-- What you will do --
Quote word for word the lines below, beginning with the first and ending with the one that has "and pattern name". Drop the pictures.

Stored items from a collection:

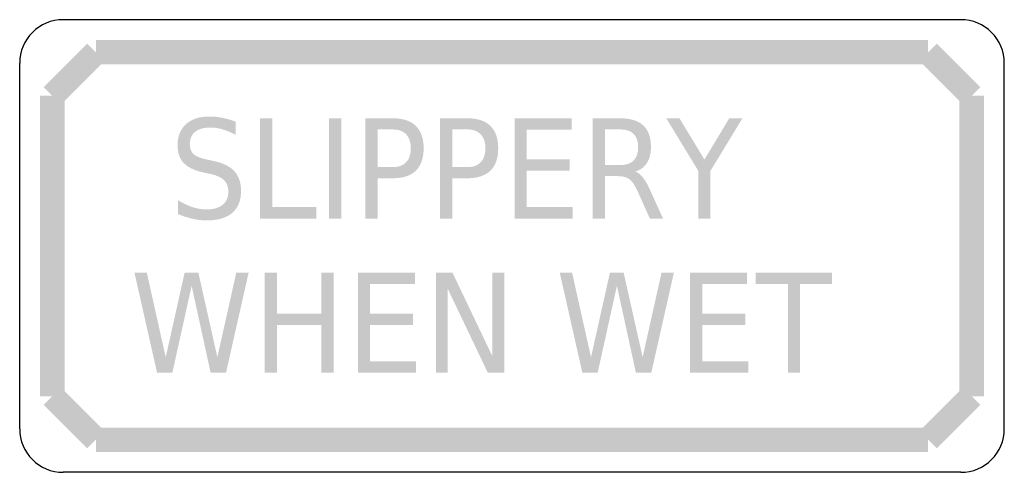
# Model space of a CAD drawing. Header units: inches. Extents: x -0.5 to 0.5, y -0.23 to 0.23.
import ezdxf

# ---------------------------------------------------------------- set-up
doc = ezdxf.new("R2010")
doc.units = ezdxf.units.IN
doc.header["$MEASUREMENT"] = 0

msp = doc.modelspace()

# ---------------------------------------------------------------- hatches: boundary and pattern name
for points in [[(-0.43141, 0.20556), (-0.4756, 0.16137), (-0.4581, 0.14387), (-0.41391, 0.18806), (-0.43141, 0.20556)], [(0.42266, 0.20919), (-0.42266, 0.20919), (-0.42266, 0.18444), (0.42266, 0.18444), (0.42266, 0.20919)], [(0.4756, 0.16137), (0.43141, 0.20556), (0.41391, 0.18806), (0.4581, 0.14387), (0.4756, 0.16137)], [(-0.45448, -0.15262), (-0.45448, 0.15262), (-0.47923, 0.15262), (-0.47923, -0.15262), (-0.45448, -0.15262)], [(0.47923, -0.15262), (0.47923, 0.15262), (0.45448, 0.15262), (0.45448, -0.15262), (0.47923, -0.15262)], [(-0.25585, 0.12974), (-0.24344, 0.12974), (-0.24344, 0.03953), (-0.19885, 0.03953), (-0.19885, 0.02794), (-0.25585, 0.02794), (-0.25585, 0.12974)], [(-0.18589, 0.12974), (-0.17349, 0.12974), (-0.17349, 0.02794), (-0.18589, 0.02794), (-0.18589, 0.12974)], [(0.00263, 0.12974), (0.06051, 0.12974), (0.06051, 0.11815), (0.01503, 0.11815), (0.01503, 0.08801), (0.05867, 0.08801), (0.05867, 0.07642), (0.01503, 0.07642), (0.01503, 0.03953), (0.06167, 0.03953), (0.06167, 0.02794), (0.00263, 0.02794), (0.00263, 0.12974)], [(0.15671, 0.12974), (0.17008, 0.12974), (0.19544, 0.08787), (0.22067, 0.12974), (0.23403, 0.12974), (0.20158, 0.07642), (0.20158, 0.02794), (0.18917, 0.02794), (0.18917, 0.07642), (0.15671, 0.12974)], [(-0.38346, -0.027), (-0.37091, -0.027), (-0.35169, -0.11304), (-0.33246, -0.027), (-0.31855, -0.027), (-0.29925, -0.11304), (-0.28003, -0.027), (-0.26748, -0.027), (-0.29046, -0.12879), (-0.30607, -0.12879), (-0.32537, -0.04043), (-0.34494, -0.12879), (-0.36048, -0.12879), (-0.38346, -0.027)], [(-0.25105, -0.027), (-0.23864, -0.027), (-0.23864, -0.06873), (-0.19364, -0.06873), (-0.19364, -0.027), (-0.18123, -0.027), (-0.18123, -0.12879), (-0.19364, -0.12879), (-0.19364, -0.08032), (-0.23864, -0.08032), (-0.23864, -0.12879), (-0.25105, -0.12879), (-0.25105, -0.027)], [(-0.15655, -0.027), (-0.09867, -0.027), (-0.09867, -0.03859), (-0.14414, -0.03859), (-0.14414, -0.06873), (-0.10051, -0.06873), (-0.10051, -0.08032), (-0.14414, -0.08032), (-0.14414, -0.1172), (-0.09751, -0.1172), (-0.09751, -0.12879), (-0.15655, -0.12879), (-0.15655, -0.027)], [(-0.07719, -0.027), (-0.06048, -0.027), (-0.01985, -0.11216), (-0.01985, -0.027), (-0.00785, -0.027), (-0.00785, -0.12879), (-0.02455, -0.12879), (-0.06519, -0.04363), (-0.06519, -0.12879), (-0.07719, -0.12879), (-0.07719, -0.027)], [(0.04847, -0.027), (0.06101, -0.027), (0.08024, -0.11304), (0.09947, -0.027), (0.11338, -0.027), (0.13267, -0.11304), (0.1519, -0.027), (0.16444, -0.027), (0.14147, -0.12879), (0.12585, -0.12879), (0.10656, -0.04043), (0.08699, -0.12879), (0.07145, -0.12879), (0.04847, -0.027)], [(0.18088, -0.027), (0.23876, -0.027), (0.23876, -0.03859), (0.19328, -0.03859), (0.19328, -0.06873), (0.23692, -0.06873), (0.23692, -0.08032), (0.19328, -0.08032), (0.19328, -0.1172), (0.23992, -0.1172), (0.23992, -0.12879), (0.18088, -0.12879), (0.18088, -0.027)], [(0.24762, -0.027), (0.32508, -0.027), (0.32508, -0.03859), (0.29256, -0.03859), (0.29256, -0.12879), (0.28015, -0.12879), (0.28015, -0.03859), (0.24762, -0.03859), (0.24762, -0.027)], [(-0.4756, -0.16137), (-0.43141, -0.20556), (-0.41391, -0.18806), (-0.4581, -0.14387), (-0.4756, -0.16137)], [(0.43141, -0.20556), (0.4756, -0.16137), (0.4581, -0.14387), (0.41391, -0.18806), (0.43141, -0.20556)], [(0.42266, -0.18444), (-0.42266, -0.18444), (-0.42266, -0.20919), (0.42266, -0.20919), (0.42266, -0.18444)]]:
    msp.add_hatch(color=7).paths.add_polyline_path(points)
h = msp.add_hatch(color=7)
edge = h.paths.add_edge_path()
edge.add_line((-0.28073, 0.1264), (-0.28073, 0.11296))
edge.add_spline(control_points=[(-0.28073, 0.11296), (-0.28542, 0.11546), (-0.28985, 0.11733), (-0.29403, 0.11856), (-0.29821, 0.11978), (-0.30223, 0.1204), (-0.3061, 0.1204), (-0.31287, 0.1204), (-0.31809, 0.11894), (-0.32175, 0.11603), (-0.3254, 0.11312), (-0.32723, 0.10899), (-0.32723, 0.10362), (-0.32723, 0.09912), (-0.32602, 0.09573), (-0.32359, 0.09343), (-0.32115, 0.09114), (-0.31653, 0.08928), (-0.30971, 0.08787)], knot_values=[0, 0, 0, 0, 1, 1, 1, 2, 2, 2, 3, 3, 3, 4, 4, 4, 5, 5, 5, 6, 6, 6, 6], degree=3, periodic=0)
edge.add_line((-0.30971, 0.08787), (-0.30228, 0.08617))
edge.add_spline(control_points=[(-0.30228, 0.08617), (-0.29301, 0.08422), (-0.28618, 0.08077), (-0.28179, 0.07584), (-0.27741, 0.07091), (-0.27521, 0.06431), (-0.27521, 0.05603), (-0.27521, 0.04617), (-0.27818, 0.03869), (-0.28411, 0.0336), (-0.29004, 0.02851), (-0.29876, 0.02597), (-0.31026, 0.02597), (-0.31462, 0.02597), (-0.31925, 0.02651), (-0.32413, 0.0276), (-0.32902, 0.02869), (-0.33407, 0.03031), (-0.3393, 0.03244)], knot_values=[0, 0, 0, 0, 1, 1, 1, 2, 2, 2, 3, 3, 3, 4, 4, 4, 5, 5, 5, 6, 6, 6, 6], degree=3, periodic=0)
edge.add_line((-0.3393, 0.03244), (-0.3393, 0.04662))
edge.add_spline(control_points=[(-0.3393, 0.04662), (-0.33426, 0.04349), (-0.32932, 0.04112), (-0.32451, 0.03953), (-0.31969, 0.03794), (-0.31494, 0.03715), (-0.31026, 0.03715), (-0.30321, 0.03715), (-0.29776, 0.03869), (-0.29389, 0.04178), (-0.29003, 0.04487), (-0.2881, 0.04928), (-0.2881, 0.05501), (-0.2881, 0.06001), (-0.28948, 0.06392), (-0.29226, 0.06674), (-0.29503, 0.06956), (-0.29958, 0.07167), (-0.30589, 0.07308)], knot_values=[0, 0, 0, 0, 1, 1, 1, 2, 2, 2, 3, 3, 3, 4, 4, 4, 5, 5, 5, 6, 6, 6, 6], degree=3, periodic=0)
edge.add_line((-0.30589, 0.07308), (-0.31339, 0.07472))
edge.add_spline(control_points=[(-0.31339, 0.07472), (-0.32267, 0.07676), (-0.32936, 0.07997), (-0.33347, 0.08433), (-0.33759, 0.08869), (-0.33964, 0.09476), (-0.33964, 0.10253), (-0.33964, 0.11153), (-0.33679, 0.11862), (-0.33109, 0.12381), (-0.32538, 0.12899), (-0.31753, 0.13158), (-0.30753, 0.13158), (-0.30321, 0.13158), (-0.29883, 0.13115), (-0.29437, 0.13028), (-0.28992, 0.12942), (-0.28537, 0.12812), (-0.28073, 0.1264)], knot_values=[0, 0, 0, 0, 1, 1, 1, 2, 2, 2, 3, 3, 3, 4, 4, 4, 5, 5, 5, 6, 6, 6, 6], degree=3, periodic=0)
h = msp.add_hatch(color=7)
edge = h.paths.add_edge_path()
edge.add_line((-0.14887, 0.12974), (-0.12092, 0.12974))
edge.add_spline(control_points=[(-0.12092, 0.12974), (-0.11065, 0.12974), (-0.10288, 0.12716), (-0.09763, 0.122), (-0.09238, 0.11684), (-0.08976, 0.10928), (-0.08976, 0.09933), (-0.08976, 0.08928), (-0.09238, 0.08169), (-0.09763, 0.07656), (-0.10288, 0.07142), (-0.11065, 0.06885), (-0.12092, 0.06885)], knot_values=[0, 0, 0, 0, 1, 1, 1, 2, 2, 2, 3, 3, 3, 4, 4, 4, 4], degree=3, periodic=0)
edge.add_line((-0.12092, 0.06885), (-0.13646, 0.06885))
edge.add_line((-0.13646, 0.06885), (-0.13646, 0.02794))
edge.add_line((-0.13646, 0.02794), (-0.14887, 0.02794))
edge.add_line((-0.14887, 0.02794), (-0.14887, 0.12974))
edge = h.paths.add_edge_path(flags=0)
edge.add_line((-0.13646, 0.11842), (-0.13646, 0.08017))
edge.add_line((-0.13646, 0.08017), (-0.12092, 0.08017))
edge.add_spline(control_points=[(-0.12092, 0.08017), (-0.11515, 0.08017), (-0.11068, 0.08183), (-0.10752, 0.08515), (-0.10436, 0.08847), (-0.10278, 0.09319), (-0.10278, 0.09933), (-0.10278, 0.10542), (-0.10436, 0.11012), (-0.10752, 0.11344), (-0.11068, 0.11676), (-0.11515, 0.11842), (-0.12092, 0.11842)], knot_values=[0, 0, 0, 0, 1, 1, 1, 2, 2, 2, 3, 3, 3, 4, 4, 4, 4], degree=3, periodic=0)
edge.add_line((-0.12092, 0.11842), (-0.13646, 0.11842))
h = msp.add_hatch(color=7)
edge = h.paths.add_edge_path()
edge.add_line((-0.07312, 0.12974), (-0.04517, 0.12974))
edge.add_spline(control_points=[(-0.04517, 0.12974), (-0.0349, 0.12974), (-0.02714, 0.12716), (-0.02189, 0.122), (-0.01664, 0.11684), (-0.01401, 0.10928), (-0.01401, 0.09933), (-0.01401, 0.08928), (-0.01664, 0.08169), (-0.02189, 0.07656), (-0.02714, 0.07142), (-0.0349, 0.06885), (-0.04517, 0.06885)], knot_values=[0, 0, 0, 0, 1, 1, 1, 2, 2, 2, 3, 3, 3, 4, 4, 4, 4], degree=3, periodic=0)
edge.add_line((-0.04517, 0.06885), (-0.06071, 0.06885))
edge.add_line((-0.06071, 0.06885), (-0.06071, 0.02794))
edge.add_line((-0.06071, 0.02794), (-0.07312, 0.02794))
edge.add_line((-0.07312, 0.02794), (-0.07312, 0.12974))
edge = h.paths.add_edge_path(flags=0)
edge.add_line((-0.06071, 0.11842), (-0.06071, 0.08017))
edge.add_line((-0.06071, 0.08017), (-0.04517, 0.08017))
edge.add_spline(control_points=[(-0.04517, 0.08017), (-0.0394, 0.08017), (-0.03493, 0.08183), (-0.03177, 0.08515), (-0.02861, 0.08847), (-0.02703, 0.09319), (-0.02703, 0.09933), (-0.02703, 0.10542), (-0.02861, 0.11012), (-0.03177, 0.11344), (-0.03493, 0.11676), (-0.0394, 0.11842), (-0.04517, 0.11842)], knot_values=[0, 0, 0, 0, 1, 1, 1, 2, 2, 2, 3, 3, 3, 4, 4, 4, 4], degree=3, periodic=0)
edge.add_line((-0.04517, 0.11842), (-0.06071, 0.11842))
h = msp.add_hatch(color=7)
edge = h.paths.add_edge_path()
edge.add_spline(control_points=[(0.12542, 0.07567), (0.1281, 0.07467), (0.13069, 0.07253), (0.13319, 0.06926), (0.13569, 0.06599), (0.13821, 0.06149), (0.14076, 0.05576)], knot_values=[0, 0, 0, 0, 1, 1, 1, 2, 2, 2, 2], degree=3, periodic=0)
edge.add_line((0.14076, 0.05576), (0.15337, 0.02794))
edge.add_line((0.15337, 0.02794), (0.14001, 0.02794))
edge.add_line((0.14001, 0.02794), (0.12828, 0.05406))
edge.add_spline(control_points=[(0.12828, 0.05406), (0.12528, 0.06087), (0.12236, 0.0654), (0.11952, 0.06762), (0.11668, 0.06985), (0.11281, 0.07097), (0.1079, 0.07097)], knot_values=[0, 0, 0, 0, 1, 1, 1, 2, 2, 2, 2], degree=3, periodic=0)
edge.add_line((0.1079, 0.07097), (0.0944, 0.07097))
edge.add_line((0.0944, 0.07097), (0.0944, 0.02794))
edge.add_line((0.0944, 0.02794), (0.08199, 0.02794))
edge.add_line((0.08199, 0.02794), (0.08199, 0.12974))
edge.add_line((0.08199, 0.12974), (0.10994, 0.12974))
edge.add_spline(control_points=[(0.10994, 0.12974), (0.12044, 0.12974), (0.12826, 0.12731), (0.1334, 0.12244), (0.13853, 0.11758), (0.1411, 0.11024), (0.1411, 0.10042), (0.1411, 0.09401), (0.13977, 0.08869), (0.13711, 0.08447), (0.13445, 0.08024), (0.13056, 0.07731), (0.12542, 0.07567)], knot_values=[0, 0, 0, 0, 1, 1, 1, 2, 2, 2, 3, 3, 3, 4, 4, 4, 4], degree=3, periodic=0)
edge = h.paths.add_edge_path(flags=0)
edge.add_line((0.0944, 0.11842), (0.0944, 0.08228))
edge.add_line((0.0944, 0.08228), (0.10994, 0.08228))
edge.add_spline(control_points=[(0.10994, 0.08228), (0.11594, 0.08228), (0.12046, 0.08382), (0.12351, 0.08689), (0.12656, 0.08995), (0.12808, 0.09447), (0.12808, 0.10042), (0.12808, 0.10637), (0.12656, 0.11086), (0.12351, 0.11389), (0.12046, 0.11691), (0.11594, 0.11842), (0.10994, 0.11842)], knot_values=[0, 0, 0, 0, 1, 1, 1, 2, 2, 2, 3, 3, 3, 4, 4, 4, 4], degree=3, periodic=0)
edge.add_line((0.10994, 0.11842), (0.0944, 0.11842))

# ---------------------------------------------------------------- linework, layer by layer
at = {"color": 7}
for p, q in [((0.4558, 0.22996), (-0.45581, 0.22996)), ((-0.5, -0.18576), (-0.5, 0.18577)), ((0.5, -0.18576), (0.5, 0.18577)), ((0.4558, -0.22996), (-0.45581, -0.22996))]:
    msp.add_line(p, q, dxfattribs=at)
for points in [[(-0.45581, 0.22996), (-0.48021, 0.22996), (-0.5, 0.21017), (-0.5, 0.18577)], [(0.5, 0.18577), (0.5, 0.21017), (0.48021, 0.22996), (0.4558, 0.22996)], [(-0.5, -0.18576), (-0.5, -0.21017), (-0.48021, -0.22996), (-0.45581, -0.22996)], [(0.4558, -0.22996), (0.48021, -0.22996), (0.5, -0.21017), (0.5, -0.18576)]]:
    msp.add_open_spline(points, degree=3, dxfattribs=at)

doc.saveas('drawing.dxf')

-- Reply --
# Model space of a CAD drawing. Header units: inches. Extents: x -0.5 to 0.5, y -0.23 to 0.23.
import ezdxf

# ---------------------------------------------------------------- set-up
doc = ezdxf.new("R2010")
doc.units = ezdxf.units.IN
doc.header["$MEASUREMENT"] = 0

msp = doc.modelspace()

# ---------------------------------------------------------------- hatches: boundary and pattern name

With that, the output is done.